Tuesday, 30 April 2013

The Markets Endorse Rwanda’s Path To Economic Growth

President_Paul_Kagame
Amid the rhetoric, pro and con, around Rwanda, the impartial voice of the marketplace has spoken, with a ringing endorsement of its economic turnaround and prospects for continued growth.
Last week, Rwanda’s debut on the global bond market raised $400 million with an offering that was heavily over-subscribed by nearly eight times. Final yield on the 10-year bonds of 6.875% was less than reported expectations in the low-7% area, due to strong buyer interest. Proceeds will go to repayment of bank loans, infrastructure such as a hydro power project, expansion of the national airline RwandAir, and the completion of a convention center in the capital of Kigali.
The successful bond issue triggered a flurry of enthusiastic postings on Twitter from Rwandan government officials (very savvy users of social media). Finance Minister Claver Gatete hailed a “great day for Rwanda after the investors have shown confidence in our economy….” President Paul Kagame tweeted his congratulations to those who worked to bring the bond offering to a successful conclusion, adding “Let’s continue forward.”
Beyond Rwanda’s enthusiasm, what speaks even more loudly is the oversubscription for these bonds. Yes, there is interest these days in higher yields and geographic diversification. But specific to Rwanda, the success of this offering shows widespread recognition that what has happened to transform this country socially, economically, and politically is real and sustainable.
Rwanda truly is the ultimate turnaround. For the African nation, the comeback has been from the depths of human bankruptcy: genocide in 1994 in which 1 million people were killed in 100 days. Since then, the rebuilding has been impressive, with GDP growth that has risen by 7-8% annually in recent years. In 2012, GDP per capita grew to US$644, up from $593 a year before, according to Rwandan government figures.
Fitch, which affirmed a “B” rating on Rwanda, noted its “solid economic policies and a track record of structural reforms, macroeconomic stability, and low government debt” (23.3% of GDP in Rwanda, compared to the median of 43.5% among B-rated peers). Certainly, the country is not without its challenges; it is landlocked, which vastly increases transportation costs for imported goods, and more electrical generation capacity is needed. It is often clouded by geopolitics, most notably the morass of conflict in the neighboring Democratic Republic of the Congo (DRC). Kagame draws criticism for being too tightly controlling, and human rights watchers charge the country suppresses political opposition and free speech.
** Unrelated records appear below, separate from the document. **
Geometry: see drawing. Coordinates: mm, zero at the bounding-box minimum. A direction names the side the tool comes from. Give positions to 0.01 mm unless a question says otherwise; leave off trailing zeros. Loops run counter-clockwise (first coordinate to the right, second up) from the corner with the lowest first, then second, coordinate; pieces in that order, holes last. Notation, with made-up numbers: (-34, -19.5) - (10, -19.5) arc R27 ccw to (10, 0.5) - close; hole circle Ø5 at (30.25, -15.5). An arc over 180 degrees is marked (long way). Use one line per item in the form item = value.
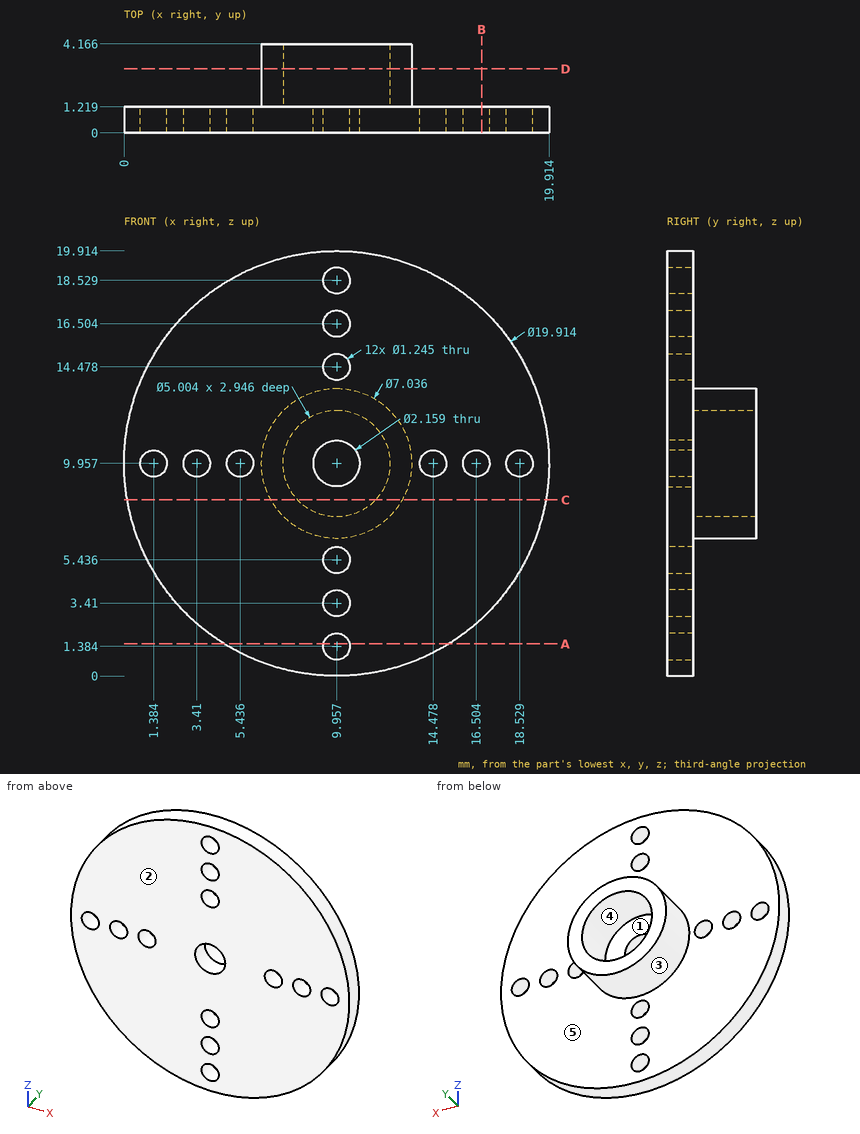
(1) Cut plane C-C (z = 8.25). Return the cut outline in (x, y) (1 decimal).
Solution:
outline = (0.1, 0) - (19.8, 0) - (19.8, 1.2) - (13, 1.2) - (13, 4.2) - (11.8, 4.2) - (11.8, 1.2) - (8.1, 1.2) - (8.1, 4.2) - (6.9, 4.2) - (6.9, 1.2) - (0.1, 1.2) - close
(2) Cut plane D-D (y = 3). Return the cut outline in (x, z) (1 decimal).
Solution:
outline = circle Ø7 at (10, 10); hole circle Ø5 at (10, 10)
(3) Access query for the marked faces 1 and 2. Directions: +Z, -Z, +X, -X, +Y, -Y. A direction counts if a zero-diameter tool reaches every point of the face in a straight line with its end or side. Return the directions, or none.
Solution:
face_1 = +Y
face_2 = +Z, -Z, +X, -X, -Y
(4) Pull-direction query (Z, two-part tool) for the marked faces 3, 4 and 5; classes: released by +Z, released by -Z, zero draft, split by the parting line, or undercut.
Solution:
face_3 = split by the parting line
face_4 = undercut
face_5 = zero draft
(5) Pin query (flat end, axial travel): P1, Ø1.5, axis at x = 10, z = 11, coming from the +Y side; P2, Ø1, axis at x = 11.5, y = 1, coming from the -Z side (1 decimal); P3, Ø1, axis at y = 1, z = 17, coming from the -X side. Return the tip coordinate at first contact, or that it passes through.
Solution:
P1 = 1.22
P2 = 0.1
P3 = 2.45
(6) Cut plane B-B (x = 16.75). Return the cut outline in (y, z) (1 decimal).
Solution:
outline = (0, 2.7) - (1.2, 2.7) - (1.2, 9.4) - (0, 9.4) - close; (0, 10.5) - (1.2, 10.5) - (1.2, 17.2) - (0, 17.2) - close
(7) Material intervals for L1, parallel to Y at x = 9, z = 14.25; L2, parallel to Z at x = 11, y = 3 (1 decimal); L3, parallel to Z at x = 18.75, y = 0.5 (1 decimal), sorted ascending. Write a range as from..to.
Solution:
L1 = 0..1.22
L2 = 6.6..7.7, 12.2..13.3
L3 = 5.3..9.4, 10.5..14.6
(8) Cut plane A-A (z = 1.5). Return the cut outline in (x, y) (1 decimal), plus the area to 3 significant figures.
Solution:
outline = (4.7, 0) - (9.3, 0) - (9.3, 1.2) - (4.7, 1.2) - close; (10.6, 0) - (15.2, 0) - (15.2, 1.2) - (10.6, 1.2) - close
area = 11.3 mm2

Rwanda, post-genocide, remains a complex place. Having the perpetually turbulent DRC as a next-door neighbor (where some masterminds of the genocide have sought refuge) complicates matters. Yet the country, backed by the strength of its leaders, has clearly put itself on a path of revival and renewal based upon values such as one Rwanda for all Rwandans. It offers universal health care and 12 years of compulsory education for all children, has made significant gains in poverty reduction and food security, and seeks to foster private sector development though homegrown entrepreneurship and foreign direct investment.
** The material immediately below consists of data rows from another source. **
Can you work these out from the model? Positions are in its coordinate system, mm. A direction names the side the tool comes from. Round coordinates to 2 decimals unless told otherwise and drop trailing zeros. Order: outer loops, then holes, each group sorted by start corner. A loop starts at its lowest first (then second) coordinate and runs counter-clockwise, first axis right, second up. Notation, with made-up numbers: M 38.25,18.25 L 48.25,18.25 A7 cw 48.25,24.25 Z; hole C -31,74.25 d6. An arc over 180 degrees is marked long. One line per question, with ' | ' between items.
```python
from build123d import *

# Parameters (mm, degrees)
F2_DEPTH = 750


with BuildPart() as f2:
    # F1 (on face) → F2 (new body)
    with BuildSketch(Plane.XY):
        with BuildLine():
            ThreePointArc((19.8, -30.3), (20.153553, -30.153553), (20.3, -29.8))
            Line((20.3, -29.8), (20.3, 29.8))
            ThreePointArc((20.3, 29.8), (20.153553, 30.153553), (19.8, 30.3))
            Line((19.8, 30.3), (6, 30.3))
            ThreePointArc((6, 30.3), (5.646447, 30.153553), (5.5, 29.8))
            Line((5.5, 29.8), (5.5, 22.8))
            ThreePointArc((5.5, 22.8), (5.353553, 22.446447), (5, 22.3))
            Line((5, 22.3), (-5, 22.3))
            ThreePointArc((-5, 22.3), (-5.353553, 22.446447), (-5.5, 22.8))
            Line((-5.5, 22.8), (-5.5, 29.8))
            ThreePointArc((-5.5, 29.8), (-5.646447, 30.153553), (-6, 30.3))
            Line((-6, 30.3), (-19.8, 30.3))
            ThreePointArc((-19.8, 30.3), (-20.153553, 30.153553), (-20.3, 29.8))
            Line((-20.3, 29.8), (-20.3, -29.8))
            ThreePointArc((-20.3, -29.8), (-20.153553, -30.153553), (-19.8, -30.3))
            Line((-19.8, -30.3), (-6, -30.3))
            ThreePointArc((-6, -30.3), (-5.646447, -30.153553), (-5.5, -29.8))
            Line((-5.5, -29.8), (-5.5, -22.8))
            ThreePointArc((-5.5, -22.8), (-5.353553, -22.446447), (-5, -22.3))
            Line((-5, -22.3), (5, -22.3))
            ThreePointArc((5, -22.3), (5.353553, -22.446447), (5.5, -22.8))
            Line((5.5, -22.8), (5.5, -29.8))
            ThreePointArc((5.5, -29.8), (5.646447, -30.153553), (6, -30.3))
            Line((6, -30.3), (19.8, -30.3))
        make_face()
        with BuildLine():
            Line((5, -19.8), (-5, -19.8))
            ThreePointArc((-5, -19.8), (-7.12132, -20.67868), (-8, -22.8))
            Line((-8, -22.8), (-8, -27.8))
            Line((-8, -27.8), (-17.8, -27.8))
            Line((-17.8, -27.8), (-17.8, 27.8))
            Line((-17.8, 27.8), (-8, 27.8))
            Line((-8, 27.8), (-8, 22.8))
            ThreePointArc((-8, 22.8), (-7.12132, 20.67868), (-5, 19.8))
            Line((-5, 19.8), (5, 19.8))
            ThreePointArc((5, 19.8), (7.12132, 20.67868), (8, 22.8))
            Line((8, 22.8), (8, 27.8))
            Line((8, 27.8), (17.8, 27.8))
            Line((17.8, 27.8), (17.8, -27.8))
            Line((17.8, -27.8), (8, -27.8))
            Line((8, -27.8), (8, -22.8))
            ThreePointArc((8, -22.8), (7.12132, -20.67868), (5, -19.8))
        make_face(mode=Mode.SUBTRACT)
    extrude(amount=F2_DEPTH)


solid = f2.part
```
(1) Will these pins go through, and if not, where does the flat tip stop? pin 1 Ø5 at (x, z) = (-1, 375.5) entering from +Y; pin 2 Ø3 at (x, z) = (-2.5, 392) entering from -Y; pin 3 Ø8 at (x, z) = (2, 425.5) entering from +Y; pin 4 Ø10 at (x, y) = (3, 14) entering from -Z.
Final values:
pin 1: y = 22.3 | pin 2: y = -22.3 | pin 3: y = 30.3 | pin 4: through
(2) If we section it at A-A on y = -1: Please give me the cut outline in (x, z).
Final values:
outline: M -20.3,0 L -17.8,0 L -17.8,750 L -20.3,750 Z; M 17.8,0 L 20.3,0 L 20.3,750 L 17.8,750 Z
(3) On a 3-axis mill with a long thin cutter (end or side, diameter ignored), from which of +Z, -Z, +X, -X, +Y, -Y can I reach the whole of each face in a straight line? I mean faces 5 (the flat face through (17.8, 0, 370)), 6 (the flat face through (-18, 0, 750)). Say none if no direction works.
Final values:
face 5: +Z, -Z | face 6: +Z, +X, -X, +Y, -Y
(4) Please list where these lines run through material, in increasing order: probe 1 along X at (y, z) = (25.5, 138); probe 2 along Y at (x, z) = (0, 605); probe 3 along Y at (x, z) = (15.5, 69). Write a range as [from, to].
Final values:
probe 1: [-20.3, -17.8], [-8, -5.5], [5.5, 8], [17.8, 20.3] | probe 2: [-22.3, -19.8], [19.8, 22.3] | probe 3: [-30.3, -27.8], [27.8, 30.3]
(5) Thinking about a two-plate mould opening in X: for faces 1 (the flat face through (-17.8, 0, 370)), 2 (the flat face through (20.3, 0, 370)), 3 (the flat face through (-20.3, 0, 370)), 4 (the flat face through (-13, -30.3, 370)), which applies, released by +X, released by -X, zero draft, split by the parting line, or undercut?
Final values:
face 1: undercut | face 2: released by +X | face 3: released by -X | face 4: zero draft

As we wrote in Rwanda, Inc., the country is no Garden of Eden for business investment. The wheels turn slowly at times with extra bureaucracy—the unintended consequence of strictly enforced zero tolerance for corruption, a policy that is a huge positive for business—and there is need for human capital development, particularly at the middle tier. But Rwanda’s progress continues apace, which the marketplace, the impartial arbiter, recognizes.